Agentic AI with OpenVINO Model Server#

This demo version requires OVMS version 2025.3. Build it from source before it is published.

OpenVINO Model Server can be used to serve language models for AI Agents. It supports the usage of tools in the context of content generation. It can be integrated with MCP servers and AI agent frameworks. You can learn more about tools calling based on OpenAI API

Here are presented required steps to deploy language models trained for tools support. The diagram depicting the demo setup is below: picture

The application employing OpenAI agent SDK is using MCP server. It is equipped with a set of tools to providing context for the content generation. The tools can also be used for automation purposes based on input in text format.

Export LLM model#

Currently supported models:

  • Qwen/Qwen3-8B

  • Qwen/Qwen3-4B

  • meta-llama/Llama-3.1-8B-Instruct

  • meta-llama/Llama-3.2-3B-Instruct

  • NousResearch/Hermes-3-Llama-3.1-8B

  • microsoft/Phi-4-mini-instruct

  • mistralai/Mistral-7B-Instruct-v0.3

Export using python script#

Use those steps to convert the model from HugginFace Hub to OpenVINO format and export it to a local storage.

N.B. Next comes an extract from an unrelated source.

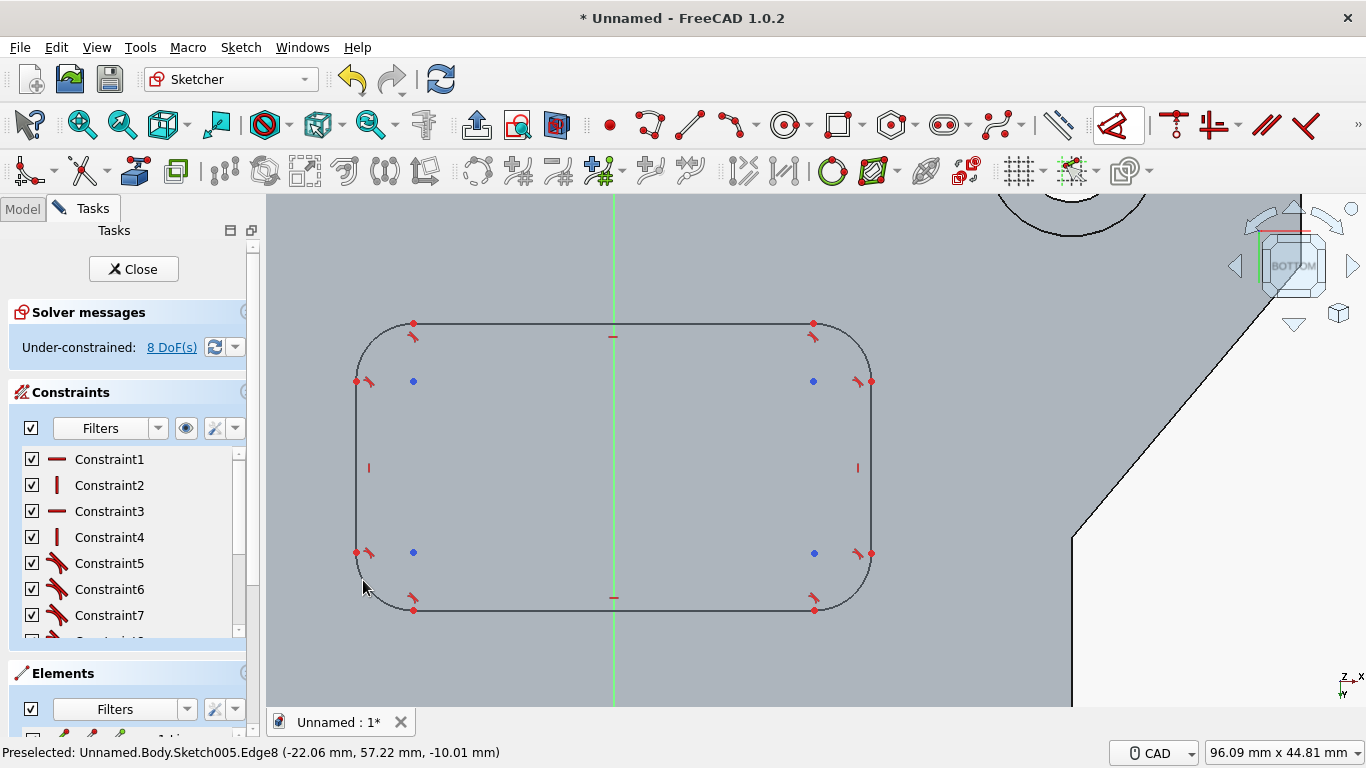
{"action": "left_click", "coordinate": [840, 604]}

# Download export script, install its dependencies and create directory for the models
curl https://raw.githubusercontent.com/openvinotoolkit/model_server/refs/heads/main/demos/common/export_models/export_model.py -o export_model.py
pip3 install -r https://raw.githubusercontent.com/openvinotoolkit/model_server/refs/heads/releases/2025/3/demos/common/export_models/requirements.txt
mkdir models

Run export_model.py script to download and quantize the model:

Note: The users in China need to set environment variable HF_ENDPOINT=”https://hf-mirror.com” or “https://www.modelscope.cn/models” before running the export script to connect to the HF Hub.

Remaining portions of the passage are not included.